Meritocracy seems great. Who could be against the idea of people getting economic benefits, societal benefits, and even government positions based on merit? Plato believed it was the most just political order possible. Who am I to argue against Plato? Well, I’m a nobody and probably have no place arguing against Plato, but I’m going to anyway.
I’m certainly not the first person to take a position against meritocracy. Some say that it makes society too competitive. Others say that the measures of merit are biased. And still others say that we can’t accurately measure merit. All of these arguments fall into a “What if we figured out a way?” trap. What if we could accurately measure merit. What if this accuracy led to unbiased results? What if these accurate and unbiased results led to understanding instead of competitiveness? Would meritocracy be good then? The answer is still no, but I will take a different path to get there.
My problem with meritocracy is that any system supposedly based on merit is actually mostly arbitrary. Now, I don’t dislike arbitrariness, in fact I really like lotteries for choices, but arbitrariness is the opposite of what meritocracy is going for. In other words, meritocracy cancels itself out.
There are roughly 8 billion people on the planet. What if we had a way to rank them according to merit. Would it fall neatly on a line from 1 having the most merit and 8 billion having the least? That’s unlikely. Instead, there would be clumps. Groups of people would be indistinguishable from each other in terms of merit. They would have the same educational achievements, the same IQ, the same debt to income ratio, and so on. Whatever the criteria, they would be the same. When that happens, there is no way to pick based on merit. You might as well pull a name out of a hat.

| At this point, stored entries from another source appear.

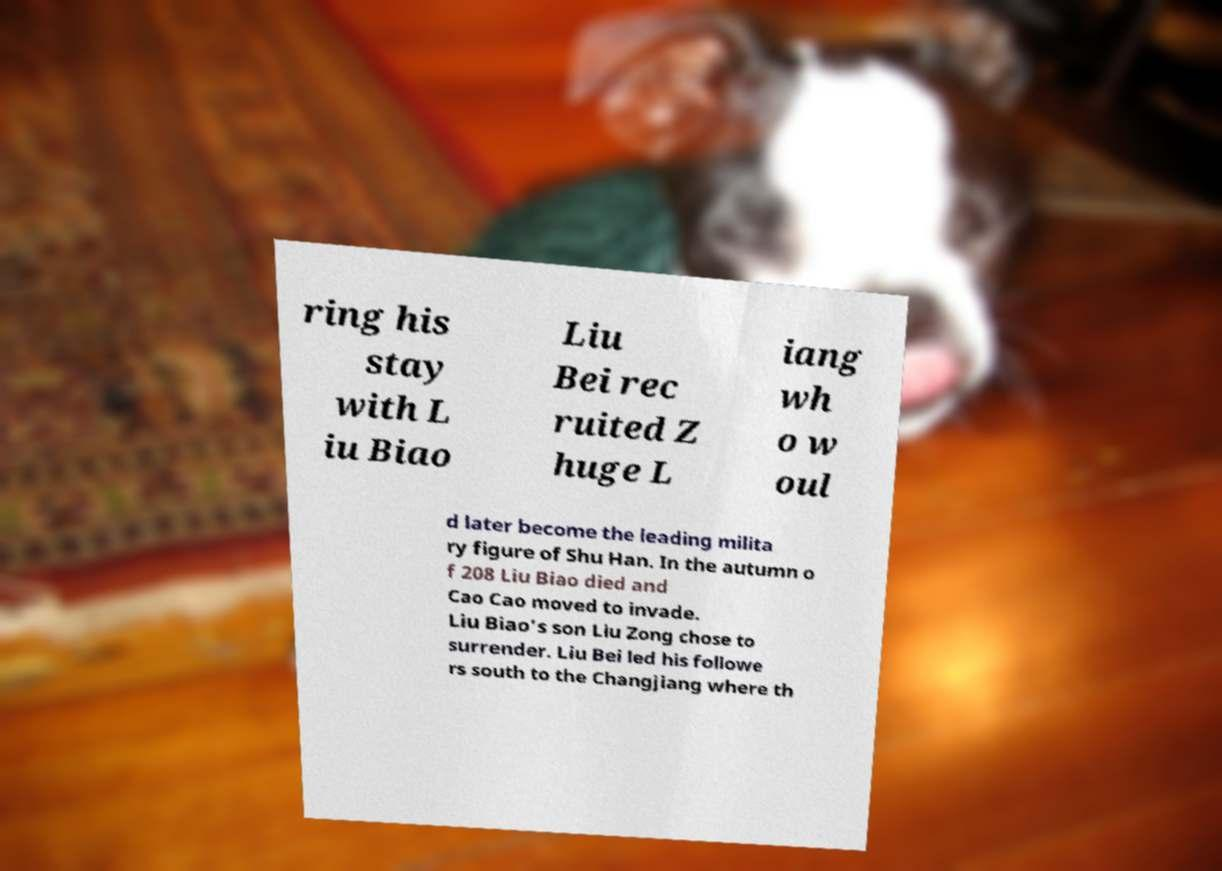Could you extract and type out the text from this image? ring his stay with L iu Biao Liu Bei rec ruited Z huge L iang wh o w oul d later become the leading milita ry figure of Shu Han. In the autumn o f 208 Liu Biao died and Cao Cao moved to invade. Liu Biao's son Liu Zong chose to surrender. Liu Bei led his followe rs south to the Changjiang where th 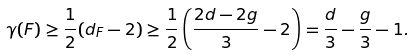Convert formula to latex. <formula><loc_0><loc_0><loc_500><loc_500>\gamma ( F ) \geq \frac { 1 } { 2 } ( d _ { F } - 2 ) \geq \frac { 1 } { 2 } \left ( \frac { 2 d - 2 g } { 3 } - 2 \right ) = \frac { d } { 3 } - \frac { g } { 3 } - 1 .</formula> 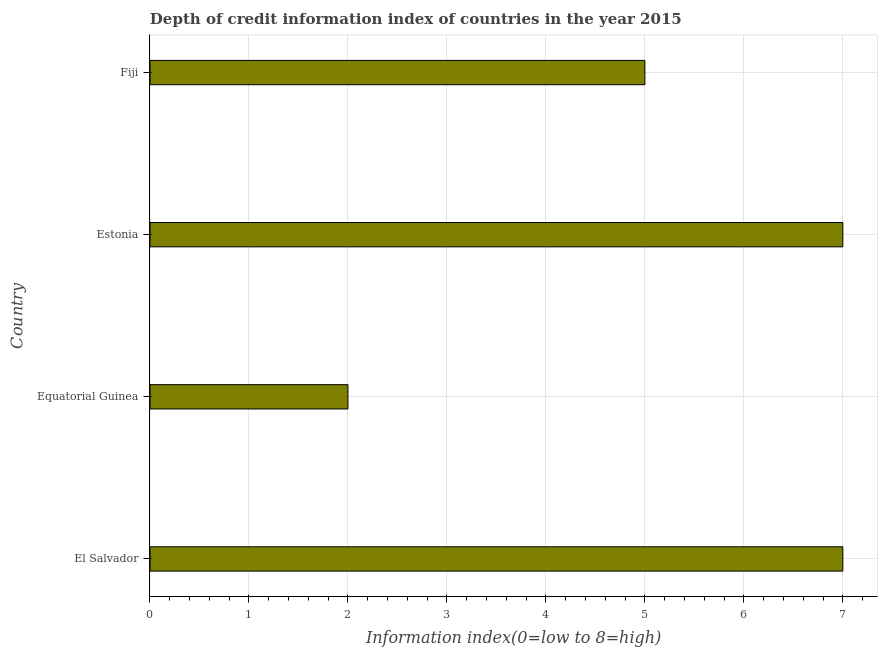Does the graph contain any zero values?
Provide a short and direct response. No. What is the title of the graph?
Keep it short and to the point. Depth of credit information index of countries in the year 2015. What is the label or title of the X-axis?
Make the answer very short. Information index(0=low to 8=high). Across all countries, what is the maximum depth of credit information index?
Ensure brevity in your answer.  7. In which country was the depth of credit information index maximum?
Provide a short and direct response. El Salvador. In which country was the depth of credit information index minimum?
Your answer should be very brief. Equatorial Guinea. What is the average depth of credit information index per country?
Your response must be concise. 5.25. What is the median depth of credit information index?
Provide a short and direct response. 6. In how many countries, is the depth of credit information index greater than 5.6 ?
Ensure brevity in your answer.  2. What is the ratio of the depth of credit information index in Equatorial Guinea to that in Estonia?
Provide a short and direct response. 0.29. Is the difference between the depth of credit information index in Estonia and Fiji greater than the difference between any two countries?
Make the answer very short. No. What is the difference between the highest and the lowest depth of credit information index?
Your answer should be compact. 5. Are all the bars in the graph horizontal?
Ensure brevity in your answer.  Yes. What is the difference between two consecutive major ticks on the X-axis?
Your response must be concise. 1. What is the Information index(0=low to 8=high) of Fiji?
Make the answer very short. 5. What is the difference between the Information index(0=low to 8=high) in El Salvador and Equatorial Guinea?
Keep it short and to the point. 5. What is the difference between the Information index(0=low to 8=high) in El Salvador and Estonia?
Your answer should be very brief. 0. What is the difference between the Information index(0=low to 8=high) in Equatorial Guinea and Fiji?
Provide a short and direct response. -3. What is the difference between the Information index(0=low to 8=high) in Estonia and Fiji?
Ensure brevity in your answer.  2. What is the ratio of the Information index(0=low to 8=high) in El Salvador to that in Estonia?
Your answer should be compact. 1. What is the ratio of the Information index(0=low to 8=high) in Equatorial Guinea to that in Estonia?
Give a very brief answer. 0.29. What is the ratio of the Information index(0=low to 8=high) in Equatorial Guinea to that in Fiji?
Provide a succinct answer. 0.4. 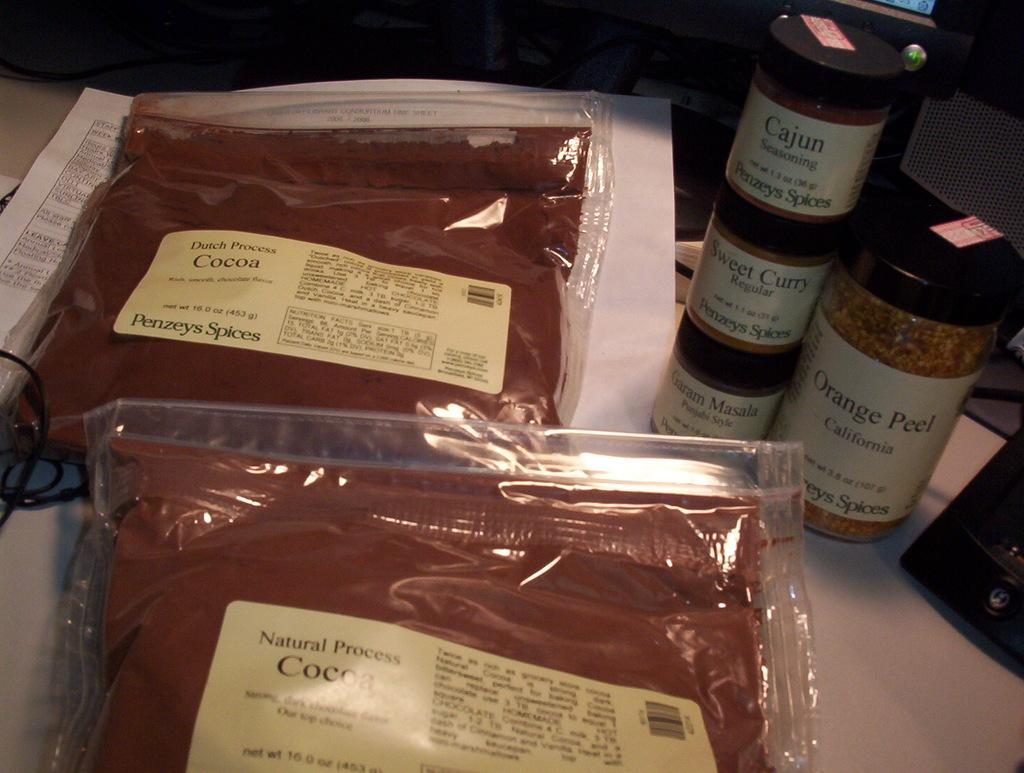<image>
Describe the image concisely. A bag of natural process cocoa sits with other spices on a table. 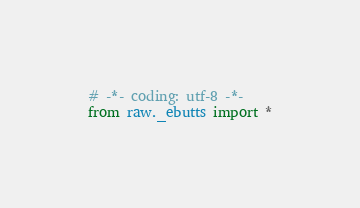Convert code to text. <code><loc_0><loc_0><loc_500><loc_500><_Python_># -*- coding: utf-8 -*-
from raw._ebutts import *
</code> 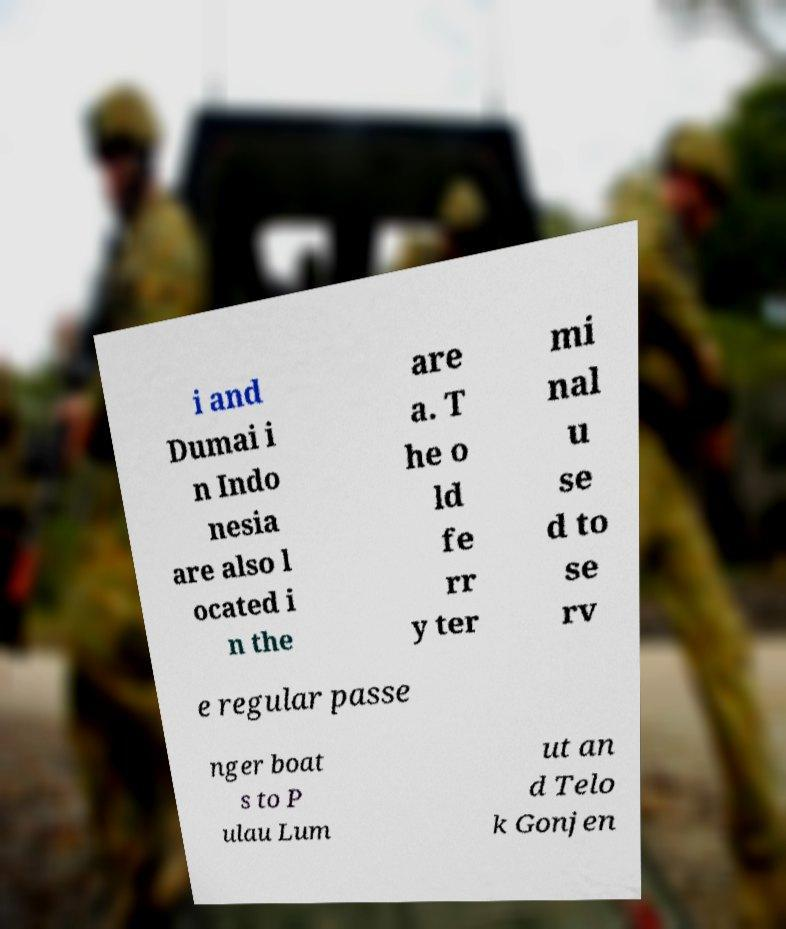What messages or text are displayed in this image? I need them in a readable, typed format. i and Dumai i n Indo nesia are also l ocated i n the are a. T he o ld fe rr y ter mi nal u se d to se rv e regular passe nger boat s to P ulau Lum ut an d Telo k Gonjen 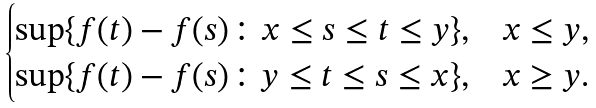Convert formula to latex. <formula><loc_0><loc_0><loc_500><loc_500>\begin{cases} \sup \{ f ( t ) - f ( s ) \colon x \leq s \leq t \leq y \} , & x \leq y , \\ \sup \{ f ( t ) - f ( s ) \colon y \leq t \leq s \leq x \} , & x \geq y . \end{cases}</formula> 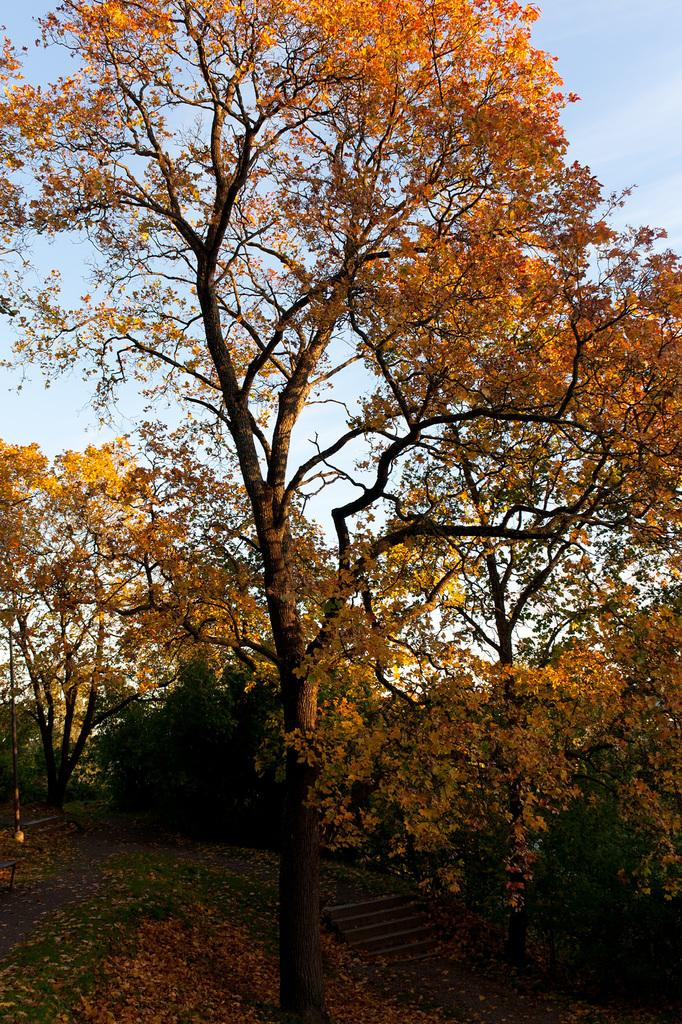What type of vegetation can be seen in the image? There are trees in the image. What architectural feature is present in the image? There are stairs in the image. What type of ground surface is visible in the image? There is grass in the image. What pathway is available for walking in the image? There is a walkway in the image. What can be seen in the background of the image? In the background, there are trees and the sky is visible. What type of bait is used to catch fish in the image? There is no fishing or bait present in the image. What is the tendency of the trees to lean in the image? The trees in the image are not shown leaning, so it is not possible to determine their tendency. 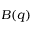Convert formula to latex. <formula><loc_0><loc_0><loc_500><loc_500>B ( q )</formula> 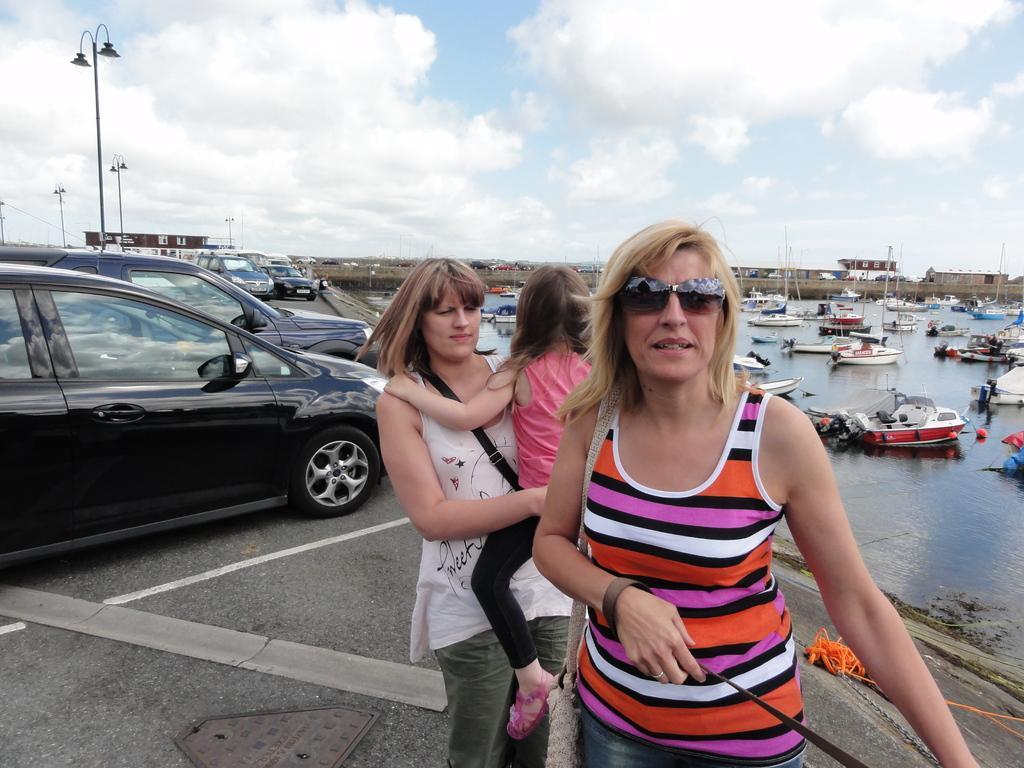How would you summarize this image in a sentence or two? In this picture I can observe two women and a girl. One of them is wearing spectacles. On the left side, some cars are parked in the parking lot. On the right side, I can observe fleet in the river. In the background I can observe some clouds in the sky. 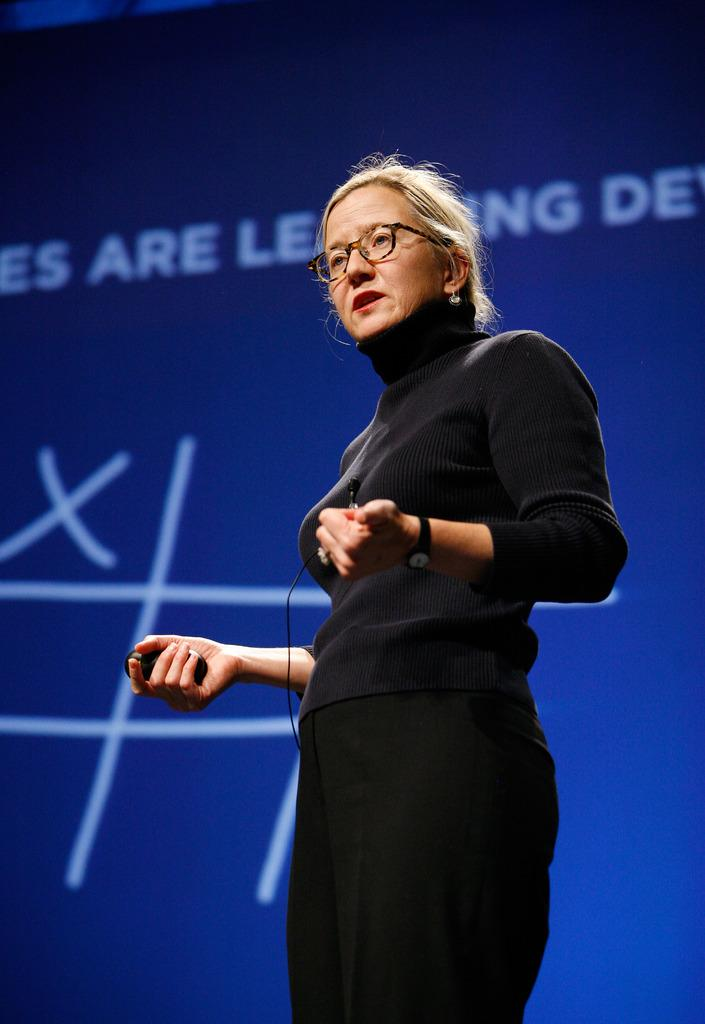Who is the main subject in the image? There is an old woman in the image. What is the old woman wearing? The old woman is wearing a black dress. Where is the old woman located in the image? The old woman is standing on a stage. What color is the banner in the background of the image? There is a blue banner in the background of the image. Can you tell me how many faucets are visible in the image? There are no faucets present in the image. What type of fear does the old woman express in the image? There is no indication of fear in the image; the old woman is simply standing on a stage.

To make it more realistic, imagine high school kids applying to colleges. A particular excellent small college has 300 spaces available for freshmen. They have selected 299 based on merit, one spot left. There are two applicants for that spot, but they came from same-sized high schools, they had the same GPA, got the same SAT scores. They both volunteered at convalescent homes and had the same number of extracurriculars. There is simply no way to pick between them. The choice is completely arbitrary.
It becomes even more arbitrary in situations where the requirements, the level of merit needed, is lower. It would be unfair to only hire PhDs for positions that don’t even require a BA. That means that there are dozens or hundreds or even thousands of qualified applicants for any given job. When there are hundreds of people who merit the job, how to pick between them?
What’s really sad, for people who want meritocracy, is that arbitrary is the best-case scenario for these situations. If it’s not arbitrary and random, there will be some non-merit-based decider. That leads to nepotism, racism, favoritism, and all kinds of mean, nasty, ugly things.
I do think the standard arguments against meritocracy have merit (See what I did there?) But arbitrariness is the deciding factor for me. Even perfect meritocracy need not, and probably won’t, change the status quo in any way.